→ **Work to complete**
Give back word for word every line from the one that includes "Repeat for the coffee can (81,367,283,479)." through the last line of the listing, and nothing besides.

→ **Source material**
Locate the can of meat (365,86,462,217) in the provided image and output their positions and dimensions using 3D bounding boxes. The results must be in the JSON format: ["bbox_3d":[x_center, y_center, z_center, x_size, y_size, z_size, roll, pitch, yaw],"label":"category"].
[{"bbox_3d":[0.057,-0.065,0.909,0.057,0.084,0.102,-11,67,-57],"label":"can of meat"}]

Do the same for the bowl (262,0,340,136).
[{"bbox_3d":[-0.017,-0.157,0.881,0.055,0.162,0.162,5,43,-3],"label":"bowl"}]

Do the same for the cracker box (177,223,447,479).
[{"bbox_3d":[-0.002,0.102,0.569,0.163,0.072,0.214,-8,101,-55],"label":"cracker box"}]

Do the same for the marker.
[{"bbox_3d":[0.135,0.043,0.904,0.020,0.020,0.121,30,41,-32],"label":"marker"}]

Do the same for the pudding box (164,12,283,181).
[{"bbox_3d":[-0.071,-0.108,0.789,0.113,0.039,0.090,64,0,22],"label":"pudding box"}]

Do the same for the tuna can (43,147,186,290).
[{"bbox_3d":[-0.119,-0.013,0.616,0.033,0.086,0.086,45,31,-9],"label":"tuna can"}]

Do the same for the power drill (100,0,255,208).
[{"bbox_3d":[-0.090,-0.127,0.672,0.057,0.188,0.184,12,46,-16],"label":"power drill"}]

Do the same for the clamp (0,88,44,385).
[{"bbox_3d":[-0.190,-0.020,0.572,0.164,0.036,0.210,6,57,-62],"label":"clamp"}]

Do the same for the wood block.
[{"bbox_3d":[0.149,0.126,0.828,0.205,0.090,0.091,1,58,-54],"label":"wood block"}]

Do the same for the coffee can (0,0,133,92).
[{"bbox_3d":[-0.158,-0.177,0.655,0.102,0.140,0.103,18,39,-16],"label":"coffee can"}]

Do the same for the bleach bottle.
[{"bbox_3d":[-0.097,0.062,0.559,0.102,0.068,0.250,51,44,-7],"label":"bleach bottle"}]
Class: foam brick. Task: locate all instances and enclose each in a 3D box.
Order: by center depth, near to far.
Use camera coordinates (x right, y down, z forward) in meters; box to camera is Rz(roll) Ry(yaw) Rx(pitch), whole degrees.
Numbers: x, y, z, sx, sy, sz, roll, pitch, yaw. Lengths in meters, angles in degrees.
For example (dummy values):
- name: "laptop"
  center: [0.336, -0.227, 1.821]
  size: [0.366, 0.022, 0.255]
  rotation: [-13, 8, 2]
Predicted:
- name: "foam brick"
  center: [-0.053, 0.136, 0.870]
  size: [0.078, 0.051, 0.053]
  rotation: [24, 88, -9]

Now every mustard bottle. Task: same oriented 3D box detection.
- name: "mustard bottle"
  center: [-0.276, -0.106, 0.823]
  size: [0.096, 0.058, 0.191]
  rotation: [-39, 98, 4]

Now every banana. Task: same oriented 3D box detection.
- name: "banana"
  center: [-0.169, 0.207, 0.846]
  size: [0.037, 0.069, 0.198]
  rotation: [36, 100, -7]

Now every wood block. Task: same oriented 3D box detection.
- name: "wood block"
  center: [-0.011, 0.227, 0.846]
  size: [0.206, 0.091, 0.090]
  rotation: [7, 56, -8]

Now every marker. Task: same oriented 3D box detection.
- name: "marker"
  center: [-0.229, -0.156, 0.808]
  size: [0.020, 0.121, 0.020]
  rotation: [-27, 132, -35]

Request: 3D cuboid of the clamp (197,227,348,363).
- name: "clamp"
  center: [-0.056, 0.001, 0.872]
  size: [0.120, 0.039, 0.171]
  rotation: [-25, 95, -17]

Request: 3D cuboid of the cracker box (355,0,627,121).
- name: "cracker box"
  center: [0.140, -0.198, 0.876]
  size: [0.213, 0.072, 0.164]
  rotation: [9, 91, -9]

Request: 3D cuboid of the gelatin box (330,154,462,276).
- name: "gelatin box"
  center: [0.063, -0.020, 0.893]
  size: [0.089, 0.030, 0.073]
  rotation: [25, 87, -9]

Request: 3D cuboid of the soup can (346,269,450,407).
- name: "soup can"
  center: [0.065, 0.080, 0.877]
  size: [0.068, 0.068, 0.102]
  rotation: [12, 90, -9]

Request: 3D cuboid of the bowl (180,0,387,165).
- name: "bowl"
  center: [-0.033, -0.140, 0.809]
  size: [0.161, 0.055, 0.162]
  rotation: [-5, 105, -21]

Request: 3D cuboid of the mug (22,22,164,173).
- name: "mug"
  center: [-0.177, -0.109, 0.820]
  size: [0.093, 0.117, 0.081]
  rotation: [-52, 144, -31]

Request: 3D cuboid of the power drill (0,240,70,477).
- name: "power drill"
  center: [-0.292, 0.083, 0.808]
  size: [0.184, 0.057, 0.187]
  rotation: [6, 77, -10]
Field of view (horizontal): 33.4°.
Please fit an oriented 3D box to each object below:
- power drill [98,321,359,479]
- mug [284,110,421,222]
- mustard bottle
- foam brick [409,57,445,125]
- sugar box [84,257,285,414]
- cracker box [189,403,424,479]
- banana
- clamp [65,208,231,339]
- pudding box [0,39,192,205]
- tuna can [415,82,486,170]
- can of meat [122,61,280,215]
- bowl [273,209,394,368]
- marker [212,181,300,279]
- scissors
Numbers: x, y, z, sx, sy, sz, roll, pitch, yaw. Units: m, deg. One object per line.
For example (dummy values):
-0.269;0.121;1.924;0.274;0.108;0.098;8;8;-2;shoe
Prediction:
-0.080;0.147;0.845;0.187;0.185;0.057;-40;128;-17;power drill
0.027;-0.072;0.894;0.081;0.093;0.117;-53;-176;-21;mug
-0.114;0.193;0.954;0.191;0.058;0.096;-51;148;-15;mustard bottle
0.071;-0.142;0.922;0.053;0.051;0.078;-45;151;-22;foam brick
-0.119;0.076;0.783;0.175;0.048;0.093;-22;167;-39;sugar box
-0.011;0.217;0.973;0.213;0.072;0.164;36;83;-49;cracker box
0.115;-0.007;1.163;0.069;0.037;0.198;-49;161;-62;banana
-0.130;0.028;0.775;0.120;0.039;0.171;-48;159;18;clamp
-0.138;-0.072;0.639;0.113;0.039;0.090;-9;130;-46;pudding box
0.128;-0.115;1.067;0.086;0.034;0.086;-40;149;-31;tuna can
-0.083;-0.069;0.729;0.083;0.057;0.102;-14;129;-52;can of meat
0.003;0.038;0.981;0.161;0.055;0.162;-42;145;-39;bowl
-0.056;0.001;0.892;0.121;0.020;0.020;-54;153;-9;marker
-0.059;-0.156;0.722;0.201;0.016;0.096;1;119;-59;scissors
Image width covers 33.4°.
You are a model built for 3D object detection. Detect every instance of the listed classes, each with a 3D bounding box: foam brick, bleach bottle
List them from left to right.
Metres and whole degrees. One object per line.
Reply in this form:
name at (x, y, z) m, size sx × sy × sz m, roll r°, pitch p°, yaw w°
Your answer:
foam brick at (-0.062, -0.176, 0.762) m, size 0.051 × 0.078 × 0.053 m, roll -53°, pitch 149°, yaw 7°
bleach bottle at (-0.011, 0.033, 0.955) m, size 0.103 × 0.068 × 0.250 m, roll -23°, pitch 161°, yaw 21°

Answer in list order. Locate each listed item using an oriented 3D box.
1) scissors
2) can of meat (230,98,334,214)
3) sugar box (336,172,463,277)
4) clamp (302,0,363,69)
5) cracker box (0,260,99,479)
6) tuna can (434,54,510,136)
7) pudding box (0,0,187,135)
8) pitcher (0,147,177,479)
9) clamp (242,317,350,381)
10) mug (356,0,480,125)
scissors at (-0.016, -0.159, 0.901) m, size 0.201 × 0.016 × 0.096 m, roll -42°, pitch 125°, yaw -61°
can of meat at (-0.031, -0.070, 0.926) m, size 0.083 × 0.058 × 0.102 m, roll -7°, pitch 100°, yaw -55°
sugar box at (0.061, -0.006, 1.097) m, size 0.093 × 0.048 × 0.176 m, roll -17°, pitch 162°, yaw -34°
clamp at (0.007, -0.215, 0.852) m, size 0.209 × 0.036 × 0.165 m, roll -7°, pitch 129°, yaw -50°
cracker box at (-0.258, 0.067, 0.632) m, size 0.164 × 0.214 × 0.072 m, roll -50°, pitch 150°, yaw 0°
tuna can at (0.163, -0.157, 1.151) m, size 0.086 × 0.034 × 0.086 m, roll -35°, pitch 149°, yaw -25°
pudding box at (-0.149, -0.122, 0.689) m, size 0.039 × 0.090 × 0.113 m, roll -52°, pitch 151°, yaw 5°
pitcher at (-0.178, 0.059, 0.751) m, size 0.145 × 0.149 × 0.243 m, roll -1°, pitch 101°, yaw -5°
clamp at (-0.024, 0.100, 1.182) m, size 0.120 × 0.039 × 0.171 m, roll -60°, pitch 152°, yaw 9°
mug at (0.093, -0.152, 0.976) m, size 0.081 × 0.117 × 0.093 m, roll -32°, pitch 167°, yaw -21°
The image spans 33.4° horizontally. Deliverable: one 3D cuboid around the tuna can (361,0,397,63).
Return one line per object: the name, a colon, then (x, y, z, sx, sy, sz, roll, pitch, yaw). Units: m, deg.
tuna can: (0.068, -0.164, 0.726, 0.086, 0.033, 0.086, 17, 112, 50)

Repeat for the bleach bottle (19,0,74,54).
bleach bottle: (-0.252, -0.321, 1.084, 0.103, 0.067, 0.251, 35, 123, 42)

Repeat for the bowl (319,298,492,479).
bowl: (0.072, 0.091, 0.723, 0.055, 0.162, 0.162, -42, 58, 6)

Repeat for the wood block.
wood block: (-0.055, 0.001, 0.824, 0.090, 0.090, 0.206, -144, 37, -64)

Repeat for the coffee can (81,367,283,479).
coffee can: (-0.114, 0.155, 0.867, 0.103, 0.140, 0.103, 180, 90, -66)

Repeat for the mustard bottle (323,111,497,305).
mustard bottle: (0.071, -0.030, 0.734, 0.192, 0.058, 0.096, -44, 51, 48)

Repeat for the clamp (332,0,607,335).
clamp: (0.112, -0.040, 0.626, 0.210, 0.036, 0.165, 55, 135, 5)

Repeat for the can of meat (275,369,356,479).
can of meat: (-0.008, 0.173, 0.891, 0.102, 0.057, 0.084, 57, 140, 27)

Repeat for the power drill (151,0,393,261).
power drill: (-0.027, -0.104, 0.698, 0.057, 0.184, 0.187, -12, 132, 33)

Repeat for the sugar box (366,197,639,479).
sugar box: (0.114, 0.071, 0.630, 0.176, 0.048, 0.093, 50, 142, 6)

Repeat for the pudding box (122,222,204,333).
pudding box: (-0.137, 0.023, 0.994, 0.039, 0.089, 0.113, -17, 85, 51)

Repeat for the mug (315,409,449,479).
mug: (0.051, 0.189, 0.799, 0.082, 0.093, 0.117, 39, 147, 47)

→ **Solution below**
Repeat for the coffee can (81,367,283,479).
coffee can: (-0.114, 0.155, 0.867, 0.103, 0.140, 0.103, 180, 90, -66)

Repeat for the mustard bottle (323,111,497,305).
mustard bottle: (0.071, -0.030, 0.734, 0.192, 0.058, 0.096, -44, 51, 48)

Repeat for the clamp (332,0,607,335).
clamp: (0.112, -0.040, 0.626, 0.210, 0.036, 0.165, 55, 135, 5)

Repeat for the can of meat (275,369,356,479).
can of meat: (-0.008, 0.173, 0.891, 0.102, 0.057, 0.084, 57, 140, 27)

Repeat for the power drill (151,0,393,261).
power drill: (-0.027, -0.104, 0.698, 0.057, 0.184, 0.187, -12, 132, 33)

Repeat for the sugar box (366,197,639,479).
sugar box: (0.114, 0.071, 0.630, 0.176, 0.048, 0.093, 50, 142, 6)

Repeat for the pudding box (122,222,204,333).
pudding box: (-0.137, 0.023, 0.994, 0.039, 0.089, 0.113, -17, 85, 51)

Repeat for the mug (315,409,449,479).
mug: (0.051, 0.189, 0.799, 0.082, 0.093, 0.117, 39, 147, 47)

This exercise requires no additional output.